At the request of the Socialist candidate, Alfredo Pérez Rubalcaba, the Executive Heritage reinstate the tax, as announced by Elena Salgado.

The government headed by José Luis Rodriguez Zapatero approved today by the Council of Ministers Heritage Tax refund, as announced by the Government Financial Vice President, Elena Salgado, the Executive Committee of Economic Affairs. This new tax will come into force despite that for months, the maximum responsibility in economic affairs came ensuring that the tax increase was not within the Executive’s agenda. The measure will affect taxpayers who have an estate over 700000 euros and will be temporary for the years 2011 and 2012.


What is the Heritage Tax?

It is a tribute created in 1977, but held in the Law it amended in 1991, which taxes net worth individuals. Is justified by the economic principle of equity, which is who most should contribute more money into the development of society.In fact, this figure tax was not repealed in 2008, because the Government simply to reclaim all the tax base. This means that, technically, the tax remained in effect (especially as a mechanism of control of property taxpayers) and all it does is restore the government now.

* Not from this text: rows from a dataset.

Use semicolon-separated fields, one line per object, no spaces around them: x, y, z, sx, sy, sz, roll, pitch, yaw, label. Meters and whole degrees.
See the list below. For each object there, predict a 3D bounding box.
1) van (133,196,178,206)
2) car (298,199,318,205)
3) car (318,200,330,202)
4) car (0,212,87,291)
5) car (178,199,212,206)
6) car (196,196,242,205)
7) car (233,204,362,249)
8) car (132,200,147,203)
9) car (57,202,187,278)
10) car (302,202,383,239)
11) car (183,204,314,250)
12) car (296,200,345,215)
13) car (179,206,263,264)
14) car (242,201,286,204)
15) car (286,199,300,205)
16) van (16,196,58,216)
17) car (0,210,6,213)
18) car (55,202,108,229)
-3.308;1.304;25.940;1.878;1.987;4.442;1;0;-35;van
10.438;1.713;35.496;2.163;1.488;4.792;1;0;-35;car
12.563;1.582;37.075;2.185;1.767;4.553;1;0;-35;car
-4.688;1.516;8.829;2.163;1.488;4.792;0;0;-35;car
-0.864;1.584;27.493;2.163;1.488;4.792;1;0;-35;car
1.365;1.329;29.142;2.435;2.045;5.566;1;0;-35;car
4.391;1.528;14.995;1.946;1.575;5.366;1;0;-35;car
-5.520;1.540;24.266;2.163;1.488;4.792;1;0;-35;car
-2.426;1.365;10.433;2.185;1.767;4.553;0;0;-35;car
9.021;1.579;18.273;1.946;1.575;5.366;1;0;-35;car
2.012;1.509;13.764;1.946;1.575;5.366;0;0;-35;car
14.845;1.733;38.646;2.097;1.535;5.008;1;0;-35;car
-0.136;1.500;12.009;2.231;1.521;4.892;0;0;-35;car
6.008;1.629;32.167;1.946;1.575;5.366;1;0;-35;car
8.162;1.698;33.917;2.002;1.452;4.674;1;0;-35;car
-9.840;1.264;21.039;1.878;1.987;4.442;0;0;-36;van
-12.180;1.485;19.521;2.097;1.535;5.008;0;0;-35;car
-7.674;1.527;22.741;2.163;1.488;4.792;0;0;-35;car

For the settlement of the tax, compute the value of all property and rights of the taxpayer (homes, cars, jewelry, art objects and antiques, all income, savings, intellectual property), net of debts and charges. Calculated the tax base exempt amount is subtracted (300000 euros for the main residence, for example) and you get the tax base. The tax payable is calculated by applying the tax rate to taxable income. Finally, the tax liability to pay is the result of subtracting bonuses and regional or state deductions to the tax payable.

Neither Elena Salgado nor any other member of the Government has offered any figures on the applicable rate, although there is talk of numbers ranging from 1% to 2%.Tax collection is assigned to Heritage Autonomous Communities, Which have the power to collect it, modify it or subsidized.

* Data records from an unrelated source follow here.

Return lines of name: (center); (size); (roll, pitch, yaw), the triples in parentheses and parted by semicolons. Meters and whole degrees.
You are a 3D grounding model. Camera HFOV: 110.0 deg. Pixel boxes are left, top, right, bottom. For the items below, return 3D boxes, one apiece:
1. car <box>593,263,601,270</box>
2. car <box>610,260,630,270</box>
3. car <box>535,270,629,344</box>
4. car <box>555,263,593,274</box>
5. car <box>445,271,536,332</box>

A tax for the middle classes

Be affected taxpayers who have an estate over 700000 euros, although the residence will be exempt at 300000 euros. It is believed to be affected between 150000 and 200000 people. Since the Government’s objective is to raise about 1.08 billion, it is estimated that each taxpayer will pay about 7000 euros.

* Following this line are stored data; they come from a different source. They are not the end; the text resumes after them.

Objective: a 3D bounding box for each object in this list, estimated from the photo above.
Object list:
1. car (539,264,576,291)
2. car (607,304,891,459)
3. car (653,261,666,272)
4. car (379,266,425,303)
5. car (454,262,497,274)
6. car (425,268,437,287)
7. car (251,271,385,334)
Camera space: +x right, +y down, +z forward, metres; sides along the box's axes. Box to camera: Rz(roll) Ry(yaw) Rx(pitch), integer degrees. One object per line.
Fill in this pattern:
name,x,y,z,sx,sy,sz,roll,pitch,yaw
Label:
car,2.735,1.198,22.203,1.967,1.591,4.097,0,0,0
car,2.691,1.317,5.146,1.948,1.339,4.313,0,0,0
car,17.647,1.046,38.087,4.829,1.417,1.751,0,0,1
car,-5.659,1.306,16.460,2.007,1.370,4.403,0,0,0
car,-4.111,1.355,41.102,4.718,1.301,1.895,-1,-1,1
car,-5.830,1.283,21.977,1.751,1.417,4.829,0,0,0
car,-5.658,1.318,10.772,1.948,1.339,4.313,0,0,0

The Heritage tax despite the contention of the Executive shall not affect the fortunes, because these taxpayers are welcome to a different tax regime (SICAV) Created by the Socialist government of Felipe González and can avoid paying this tax ascribing many of its properties to any society, which can partially circumvent the Treasury.

The most affected are professionals with high purchasing power, which have progressed in their work or your small or medium, that is, the upper middle class.although EUR 700000 may seem a lot of money, anyone who has saved in your working life and have two homes will be in the payment limit, especially since many cities are updating the sign upward significantly.

A tax anachronistic nonexistent in most of the European Union

With the exception of France and Spain tax, Heritage is abolished throughout Europe. According to sources in the Madrid Association of Family Enterprise (FMEA), Updated as of yesterday, Belgium, Greece, UK, Ireland, Italy and Portugal have never had it, while it has been repealed in other countries: Austria (1994), Denmark (1995), Germany (1997), Holland (2000), Finland (2006) and Sweden (2007). Despite the current economic crisis, none of them poses Heritage reinstate the tax.Only France, due to the current economic situation, has decided to keep it, but at a level far below that wants to implement the Executive of the PSOE: 0.25% on assets above 1.5 million and 0.50% which have more than 3 million euros.

Heritage tax punishes savings and encourages capital flight

It is no coincidence that all European countries have repealed it. Most experts agree that it is a tax that punishes savers and imposes burdens on income already taxed in other taxes: the Income tax Linked to the income of individuals, and VAT, Which applies to the acquisition of goods and services and will also tax the Tax Equity.In addition, a tax that raises little more than 1000 million, 1.6% of the projected deficit for this year (60 billion euros) and, by contrast, discourages savings and investment, with the resulting output capital and impoverishment of the country, with a detrimental effect on employment, and heavily punished.